Research results: Characteristics of the study groups

Infographic showing that of 34 fetuses with tricuspid valve disease and regurgitation (rTVD), 22 had Ebstein's anomaly and 12 had tricuspid valve dysplasia.
Infographic showing that of 40 fetuses with right heart obstruction, 15 had tricuspid atresia and 25 had pulmonary atresia and intact ventricular septum.
Inforgraphic that says Findings were compared with 79 singleton control fetuses.

Fetuses with rTVD had the largest right atrial size and the poorest atrial function. They also had the lowest velocity vector imaging measures of right atrial reservoir function, of right atrial filling and of right atrial emptying rates compared with right heart obstruction and control fetuses. The systolic function of the left ventricle was preserved in all groups. Increased right atrial dilation and a reduced right atrial emptying rate were associated with fetal or neonatal demise.

Clinical outcomes for tricuspid valve regurgitation and right heart obstructions groups

A: Clinical outcomes of the tricuspid valve regurgitation (rTVD) group

Infographic showing that of 34 patients with tricuspid valve disease, 22 had Ebstein's anomaly and 12 had tricuspid valve dysplasia

B: Clinical outcomes of the right heart obstruction (RHO) group 

Chart showing that of 40 patients with right heart obstruction, 25 had PA/IVS and 15 had tricuspid atresia.

PA/IVS is pulmonary atresia with intact ventricular septum and TOP is termination of pregnancy.

Research conclusions

Researchers found that patients with fetal rTVD experienced more severe right atrial dilation and dysfunction compared to patients with right heart obstruction and control groups.

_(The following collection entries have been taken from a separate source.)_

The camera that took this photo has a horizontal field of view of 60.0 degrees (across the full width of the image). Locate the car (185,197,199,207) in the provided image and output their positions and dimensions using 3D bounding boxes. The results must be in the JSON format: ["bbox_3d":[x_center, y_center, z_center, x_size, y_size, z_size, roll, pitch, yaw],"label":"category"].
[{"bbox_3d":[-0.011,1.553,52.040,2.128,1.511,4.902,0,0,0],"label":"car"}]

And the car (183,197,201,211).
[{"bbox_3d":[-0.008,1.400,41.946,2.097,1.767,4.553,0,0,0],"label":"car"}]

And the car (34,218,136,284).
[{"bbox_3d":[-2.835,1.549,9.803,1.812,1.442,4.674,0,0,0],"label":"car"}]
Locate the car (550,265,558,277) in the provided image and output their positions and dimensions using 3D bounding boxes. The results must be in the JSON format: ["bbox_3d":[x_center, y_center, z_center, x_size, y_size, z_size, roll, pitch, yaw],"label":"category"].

Right atrial dysfunction could be a key contributor to reduced ventricular filling and output, which may play a critical role in the rate of poor outcomes in patients with fetal rTVD.

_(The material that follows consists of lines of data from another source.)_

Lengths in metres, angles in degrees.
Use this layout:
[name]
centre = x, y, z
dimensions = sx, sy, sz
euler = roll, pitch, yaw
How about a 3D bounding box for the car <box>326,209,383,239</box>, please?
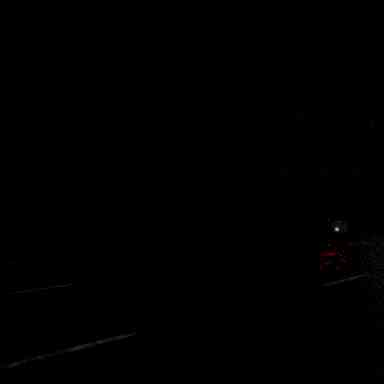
[car]
centre = 9.789, 1.789, 19.326
dimensions = 4.892, 1.490, 1.837
euler = 1, -1, -35

Dr. Howley standing in a hallway at the hospital.

Research limitations

Limitations include the retrospective nature of the study. Not all patients completed clinical information so study authors were unable to determine the impact of tricuspid regurgitation and ventricular compliance on right atrial volume and function. Also during the study, researchers were unable to accurately quantify right atrial contribution to left ventricle filling.